Specifically, under its plans for “Transparency and Data Collection,” the order directs the attorney general and secretary of Homeland Security to collect data and issue biannual reports on “the number and types of acts of gender-based violence against women, including honor killings, in the United States by foreign nationals.” In other words, it directs the federal government to collect this data on all non-US citizens living in the United States. This mandate would apply to millions of people: not only refugees, but also those with visas and green cards. The executive order does not address how such data would be collected and how foreign nationals would be tracked — issues that should concern civil libertarians and those concerned with existing government domestic surveillance efforts.

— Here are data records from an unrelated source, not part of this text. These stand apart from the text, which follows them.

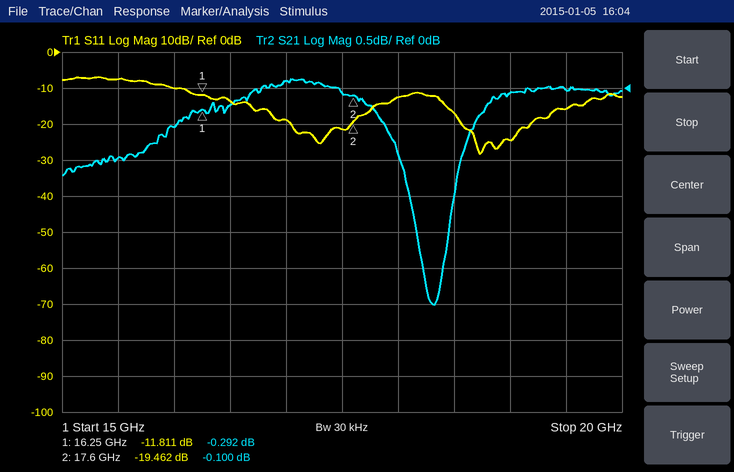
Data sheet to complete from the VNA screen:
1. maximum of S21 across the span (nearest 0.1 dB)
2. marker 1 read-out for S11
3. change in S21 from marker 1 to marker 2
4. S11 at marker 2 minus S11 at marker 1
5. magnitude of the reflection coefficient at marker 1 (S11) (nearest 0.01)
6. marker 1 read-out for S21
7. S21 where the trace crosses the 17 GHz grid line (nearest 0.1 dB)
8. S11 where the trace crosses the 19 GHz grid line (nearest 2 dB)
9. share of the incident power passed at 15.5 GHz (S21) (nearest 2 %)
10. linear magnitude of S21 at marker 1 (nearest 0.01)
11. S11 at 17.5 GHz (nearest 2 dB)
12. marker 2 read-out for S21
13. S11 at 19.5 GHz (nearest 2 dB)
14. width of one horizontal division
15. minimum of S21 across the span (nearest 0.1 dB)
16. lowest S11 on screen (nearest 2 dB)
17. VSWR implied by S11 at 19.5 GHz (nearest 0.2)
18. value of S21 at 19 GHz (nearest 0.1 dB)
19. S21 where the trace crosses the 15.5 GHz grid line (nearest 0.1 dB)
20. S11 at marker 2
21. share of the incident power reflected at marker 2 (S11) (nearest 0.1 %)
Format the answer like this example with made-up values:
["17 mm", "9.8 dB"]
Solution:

Such monitoring could soon lead to the exclusion from the United States of individuals seeking refugee status or visas for work or university study based solely on their nationality. For example, based on this new reporting, if the federal government claimed that rates of gender-based violence were “high” among a specific foreign-born national group, that data could be used to restrict or deny this population entry to the United States. How such determinations might be made, and by whom, is not explained in the order; nor does it clarify why gender-based violence will be used as a litmus test, versus other behavior.
Here, the notion of foreigners as “outsiders” — with a suspect commitment to “American values” — is a crucial premise. The order assumes that many refugees and “foreign nationals” coming to the United States — especially from Muslim-majority countries — cannot be integrated into US society, given their existence as the cultural “other” (and their alleged dependence on public services and welfare).
Ann Corcoran, who runs the blog Refugee Resettlement Watch, suggests that US communities are “targeted” by the federal refugee resettlement program, while US immigration policy “has opened America’s doors to an alien culture.” Bannon has also emphasized nativism and sovereignty as core American values when discussing refugee resettlement. And Breitbart News has cited Corcoran and her organization in its anti-refugee (and anti-immigrant) diatribes. Such attacks fit neatly with the idea — articulated by Bannon and Trump — that large numbers of “native-born Americans” cannot find good jobs in part because of too many immigrants and refugees.
In recent years, Congress has passed legislation limiting access to social services for immigrants with legal residence and work permits, and has also attempted to restrict refugee resettlement. The election of Donald Trump has brought anti-immigrant/anti-refugee views directly to the Oval Office. While key provisions of the executive order are not well defined, it represents a dramatic shift in decades of refugee policy and the values of the United States as a refuge.
Reaction to the most egregious aspects of Trump’s plan should not eclipse its hidden agenda, one that gives expression to exclusionary and nativist impulses. Turning away those fleeing persecution will exacerbate the challenges of conflict and globalization, undermine US security and weaken its standing in the world.